◆ TASK INSTRUCTIONS ◆
What lines of the listing below contain the word "object"? Copy each of them out.

◆ DATA UNDER STUDY ◆
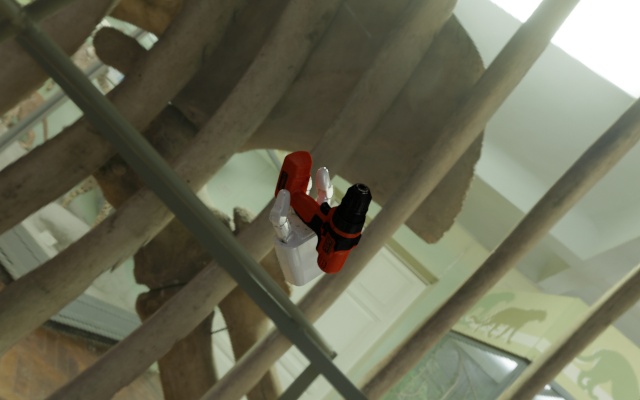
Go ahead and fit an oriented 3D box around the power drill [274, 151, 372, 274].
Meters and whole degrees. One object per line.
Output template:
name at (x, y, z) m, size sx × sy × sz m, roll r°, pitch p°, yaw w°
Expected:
power drill at (0.000, 0.002, 0.788) m, size 0.057 × 0.185 × 0.187 m, roll -11°, pitch 49°, yaw -35°
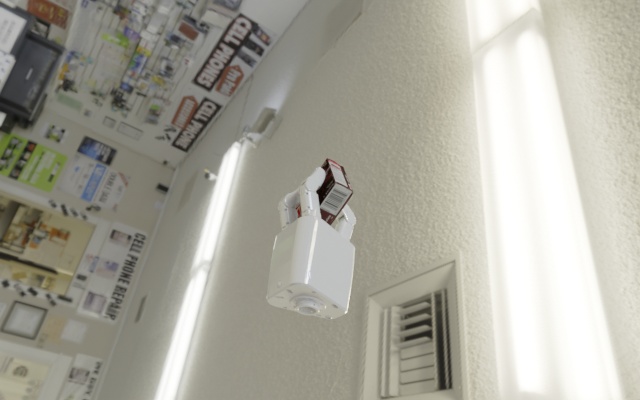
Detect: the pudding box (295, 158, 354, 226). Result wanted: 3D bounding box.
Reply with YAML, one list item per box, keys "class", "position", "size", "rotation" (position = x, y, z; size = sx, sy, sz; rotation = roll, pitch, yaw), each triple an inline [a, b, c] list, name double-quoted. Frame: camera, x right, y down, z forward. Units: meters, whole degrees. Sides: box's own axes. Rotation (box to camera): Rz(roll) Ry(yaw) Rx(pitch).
- class: "pudding box"
  position: [0.000, 0.003, 0.746]
  size: [0.039, 0.113, 0.090]
  rotation: [28, 21, -23]
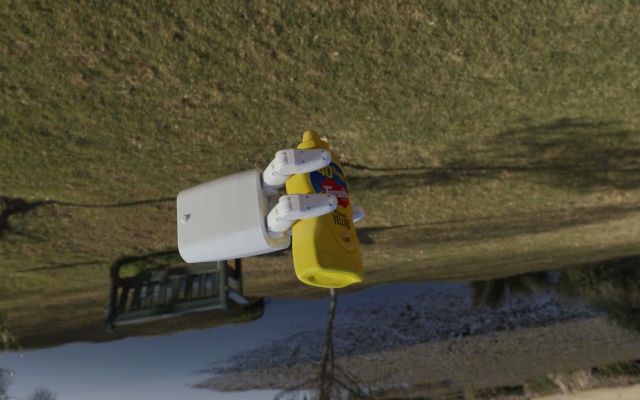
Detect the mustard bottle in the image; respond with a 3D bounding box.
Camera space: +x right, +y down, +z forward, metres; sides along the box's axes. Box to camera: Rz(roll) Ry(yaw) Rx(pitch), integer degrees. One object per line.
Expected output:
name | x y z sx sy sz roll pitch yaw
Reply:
mustard bottle | 0.000 0.002 0.563 0.058 0.191 0.096 -25 -29 31
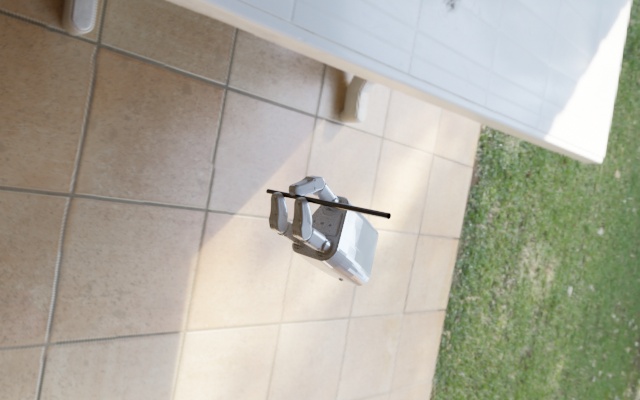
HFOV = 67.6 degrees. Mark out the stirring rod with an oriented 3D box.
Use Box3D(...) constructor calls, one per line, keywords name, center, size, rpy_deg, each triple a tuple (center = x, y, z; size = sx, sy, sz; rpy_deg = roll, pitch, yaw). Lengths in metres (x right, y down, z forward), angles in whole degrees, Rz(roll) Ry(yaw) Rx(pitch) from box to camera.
Box3D(name="stirring rod", center=(0.000, 0.002, 0.654), size=(0.011, 0.011, 0.239), rpy_deg=(0, 8, -43))
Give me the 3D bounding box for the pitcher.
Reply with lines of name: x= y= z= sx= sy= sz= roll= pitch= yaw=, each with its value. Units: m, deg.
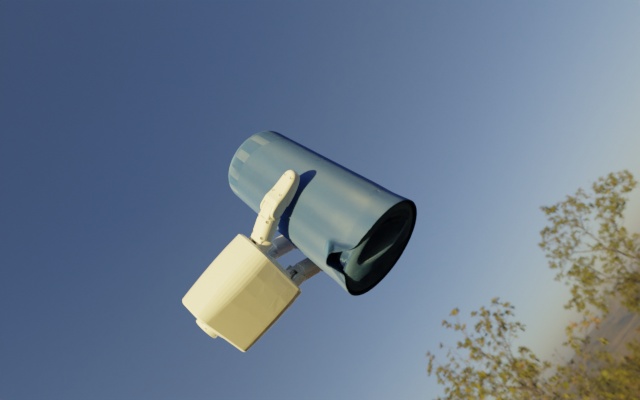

◆ ANSWER FOR THIS EXERCISE ◆
Meters and whole degrees. One object per line.
Camera space: +x right, +y down, +z forward, metres; sides along the box's axes. Box to camera: Rz(roll) Ry(yaw) Rx(pitch), integer degrees. One object per line.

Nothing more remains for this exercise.